Instead, he gathered his thoughts and spoke. “It’s an ancient cautionary tale. I always enjoyed him, though—Coriolanus. I enjoy his fighting spirit.”

Eva gave him a smirk, but it wasn’t bitter like yesterday’s—this was more playful. “You, enjoying the warrior archetype? Color me shocked.”

“And I enjoy how he doesn’t let the shitty decisions of his superiors sway him from what he knows he has to do,” said Will. As the words came out of his mouth, he realized exactly why he liked Coriolanus, really. Doing a little hero worship of yourself, are we?

“He does have some of the best speeches,” said Eva.

Will nodded. “So did Volumnia. Such a supportive mother.”

Eva let out a cackle. “Supportive? She encouraged his aggression! She almost ruined him.”

Will shrugged. “At least she understood how he felt. My favorite line from that wasn’t one of the big characters, anyway.”

“Oh?” The eyebrow raised on Eva’s face was a challenge, Will could see. With a cocky half-smile, he heartily accepted.

“ ‘Let me have war, say I: it exceeds peace as far as day does night; it's spritely, waking, audible, and full of vent. Peace is a very apoplexy, lethargy; mulled, deaf, sleepy, insensible; a getter of more bastard children than war's a destroyer of men.’ ” He took a drink of coffee and watched with satisfaction as Eva’s smile widened with every word.

She was quiet for a good long moment after he finished, like she was drinking it in. “Of course that’s your favorite,” she said softly. She shook her head at him and laughed, then got up from her chair and went to refill her coffee. Her bare thighs walked right by Will within touching distance, and he felt his cock ache against his jeans when he smelled her body wash.

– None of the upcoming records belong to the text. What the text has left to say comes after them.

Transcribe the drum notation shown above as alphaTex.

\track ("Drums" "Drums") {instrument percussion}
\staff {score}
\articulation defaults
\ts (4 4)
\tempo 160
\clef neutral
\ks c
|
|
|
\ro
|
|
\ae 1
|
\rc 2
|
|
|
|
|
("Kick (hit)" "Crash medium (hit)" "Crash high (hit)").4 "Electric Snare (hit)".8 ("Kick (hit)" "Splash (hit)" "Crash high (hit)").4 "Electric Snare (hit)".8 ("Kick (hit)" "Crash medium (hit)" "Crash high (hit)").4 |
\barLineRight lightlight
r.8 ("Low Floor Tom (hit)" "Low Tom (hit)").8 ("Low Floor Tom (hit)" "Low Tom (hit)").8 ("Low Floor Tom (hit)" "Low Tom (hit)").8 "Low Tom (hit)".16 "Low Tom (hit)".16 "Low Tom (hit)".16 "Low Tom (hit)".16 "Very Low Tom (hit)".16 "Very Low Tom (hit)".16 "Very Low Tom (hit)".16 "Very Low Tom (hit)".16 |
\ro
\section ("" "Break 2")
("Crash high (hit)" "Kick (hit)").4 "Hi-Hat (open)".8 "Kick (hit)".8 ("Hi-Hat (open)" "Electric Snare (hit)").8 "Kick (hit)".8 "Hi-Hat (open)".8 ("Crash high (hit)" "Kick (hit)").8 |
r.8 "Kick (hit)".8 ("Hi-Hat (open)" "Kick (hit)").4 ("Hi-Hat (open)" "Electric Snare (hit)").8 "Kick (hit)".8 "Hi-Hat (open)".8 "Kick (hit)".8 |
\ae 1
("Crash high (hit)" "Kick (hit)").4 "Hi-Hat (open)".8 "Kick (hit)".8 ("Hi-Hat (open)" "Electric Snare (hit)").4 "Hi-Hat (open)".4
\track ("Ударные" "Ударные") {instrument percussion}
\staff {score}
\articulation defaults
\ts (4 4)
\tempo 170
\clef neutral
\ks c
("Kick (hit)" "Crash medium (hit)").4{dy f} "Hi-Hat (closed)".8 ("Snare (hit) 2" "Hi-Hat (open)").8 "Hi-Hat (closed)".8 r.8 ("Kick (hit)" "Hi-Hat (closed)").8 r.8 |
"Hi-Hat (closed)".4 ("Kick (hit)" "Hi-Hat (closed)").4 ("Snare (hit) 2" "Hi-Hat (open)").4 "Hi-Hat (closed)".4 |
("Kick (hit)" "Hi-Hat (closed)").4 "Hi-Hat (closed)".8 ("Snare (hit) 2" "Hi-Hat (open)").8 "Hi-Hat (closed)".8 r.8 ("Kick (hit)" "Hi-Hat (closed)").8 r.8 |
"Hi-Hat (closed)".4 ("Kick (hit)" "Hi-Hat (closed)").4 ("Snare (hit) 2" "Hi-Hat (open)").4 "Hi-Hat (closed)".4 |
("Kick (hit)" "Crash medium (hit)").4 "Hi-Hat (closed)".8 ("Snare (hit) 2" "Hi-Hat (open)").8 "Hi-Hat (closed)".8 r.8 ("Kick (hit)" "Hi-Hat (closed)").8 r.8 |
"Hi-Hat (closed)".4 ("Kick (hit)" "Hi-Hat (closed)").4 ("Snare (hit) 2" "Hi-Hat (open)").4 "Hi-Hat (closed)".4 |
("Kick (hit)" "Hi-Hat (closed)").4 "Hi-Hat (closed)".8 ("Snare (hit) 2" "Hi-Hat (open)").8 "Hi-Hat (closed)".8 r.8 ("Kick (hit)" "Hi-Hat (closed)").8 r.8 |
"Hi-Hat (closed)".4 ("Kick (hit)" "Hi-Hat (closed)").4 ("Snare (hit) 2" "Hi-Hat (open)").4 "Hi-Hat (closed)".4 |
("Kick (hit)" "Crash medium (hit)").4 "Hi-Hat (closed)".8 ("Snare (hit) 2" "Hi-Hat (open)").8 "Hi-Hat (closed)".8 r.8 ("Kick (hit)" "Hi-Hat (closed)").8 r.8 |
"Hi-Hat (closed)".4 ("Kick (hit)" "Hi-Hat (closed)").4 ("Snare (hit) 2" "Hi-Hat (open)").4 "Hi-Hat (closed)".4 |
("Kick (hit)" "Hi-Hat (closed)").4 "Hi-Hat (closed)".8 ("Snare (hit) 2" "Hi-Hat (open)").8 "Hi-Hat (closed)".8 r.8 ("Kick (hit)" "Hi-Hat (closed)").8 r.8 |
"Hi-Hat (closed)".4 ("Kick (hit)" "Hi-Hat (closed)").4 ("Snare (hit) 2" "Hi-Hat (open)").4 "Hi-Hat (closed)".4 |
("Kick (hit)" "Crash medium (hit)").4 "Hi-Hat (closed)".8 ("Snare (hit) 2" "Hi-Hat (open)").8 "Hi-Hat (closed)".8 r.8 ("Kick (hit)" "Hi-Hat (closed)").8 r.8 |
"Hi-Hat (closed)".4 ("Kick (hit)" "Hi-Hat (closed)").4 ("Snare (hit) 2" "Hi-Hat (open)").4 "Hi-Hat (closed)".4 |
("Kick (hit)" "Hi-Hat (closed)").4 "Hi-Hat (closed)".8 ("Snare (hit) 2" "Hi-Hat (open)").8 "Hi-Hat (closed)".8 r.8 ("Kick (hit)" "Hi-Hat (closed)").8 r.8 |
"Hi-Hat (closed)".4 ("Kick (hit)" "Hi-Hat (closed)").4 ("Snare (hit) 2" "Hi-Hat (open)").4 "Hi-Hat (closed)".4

It only got worse when she came back and stood in front of him instead of sitting in her chair. Will had to practically rip his gaze away from the flesh of her legs just begging to be touched to look up at her face. The expression she wore said she probably didn’t even realize what she was doing, and somehow that made it sexier to Will.

“You think force is the only way get things done, then?” said Eva. She shifted on her legs, hiking her robe up just a little bit more.

Will bit his lip and adjusted in his seat to hide his growing erection. “Not all things,” he said. “Some things require a bit more… delicacy.” He made sure his eyes were on the skin at her thighs when he said it. When he trailed back up her body, Eva’s mouth was open, realization slowly dawning in her eyes.

“Oh…” It was less a word, and more a sound that escaped her mouth with a breath.

When she didn’t back away, Will couldn’t help himself. He looked up in her eyes, and then brought his left hand slowly up from his side and laid it on the skin of her thigh. When his skin met hers, it felt like a jolt of electricity running through his nerves. Her skin felt even softer than it looked.

Eva gasped, but it was a drawn-out, heavy thing that was just as much relief as it was surprise. When he looked up he saw her eyes closed against his touch, her mouth half-open, taking in deep breaths. He watched her mouth widen even more as his hand softly traced up along her skin, from her knee, all the way back up to the bottom of the bathrobe. He only hesitated there a moment before he pushed up even further, palming the skin of her upper thigh, and moving around to grasp her ass.

Eva moaned, her hips bucking under his touch. Will’s cock pushed against his jeans, already painfully erect. Just as he felt the soft skin of her ass under his fingers, the sound of a door shutting and shuffling footsteps interrupted from the hallway.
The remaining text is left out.